On Tue, Apr 09, 2019 at 09:08:33AM +0800, Huang Shijie wrote:
> On Mon, Apr 08, 2019 at 07:13:13AM -0700, Matthew Wilcox wrote:
> > On Mon, Apr 08, 2019 at 10:37:45AM +0800, Huang Shijie wrote:
> > > The root cause is that sg_alloc_table_from_pages() requires the
> > > page order to keep the same as it used in the user space, but
> > > get_user_pages_fast() will mess it up.
> >
> > I don't understand how get_user_pages_fast() can return the pages in a
> > different order in the array from the order they appear in userspace.
> > Can you explain?
> Please see the code in gup.c:
>
> int get_user_pages_fast(unsigned long start, int nr_pages,
> unsigned int gup_flags, struct page **pages)
> {
> .......
> if (gup_fast_permitted(start, nr_pages)) {
> local_irq_disable();
> gup_pgd_range(addr, end, gup_flags, pages, &nr); // The @pages array maybe filled at the first time.

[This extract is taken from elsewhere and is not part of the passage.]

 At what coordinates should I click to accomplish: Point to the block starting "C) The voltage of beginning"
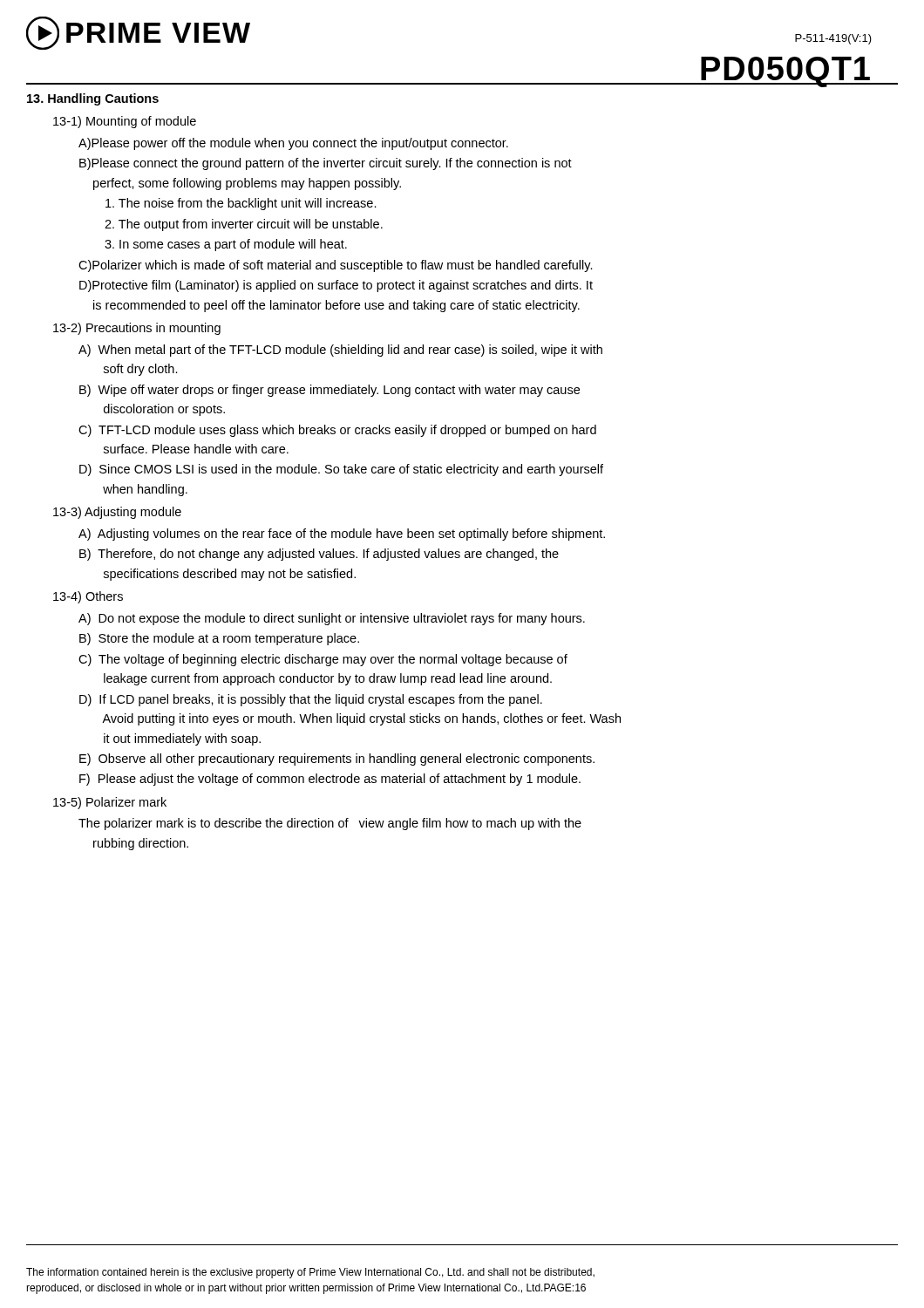coord(323,669)

Right ... but if it's not filled entirely, it will be filled part-way,
and then we stop.

> local_irq_enable();
> ret = nr;
> }
> .......
> if (nr < nr_pages) {
> /* Try to get the remaining pages with get_user_pages */
> start += nr << PAGE_SHIFT;
> pages += nr; // The @pages is moved forward.

Yes, to the point where gup_pgd_range() stopped.

> if (gup_flags & FOLL_LONGTERM) {
> down_read(&current->mm->mmap_sem);
> ret = __gup_longterm_locked(current, current->mm, // The @pages maybe filled at the second time

Right.

> /*
> * retain FAULT_FOLL_ALLOW_RETRY optimization if
> * possible
> */
> ret = get_user_pages_unlocked(start, nr_pages - nr, // The @pages maybe filled at the second time.
> pages, gup_flags);

Yes. But they'll be in the same order.

> BTW, I do not know why we mess up the page order. It maybe used in some special case.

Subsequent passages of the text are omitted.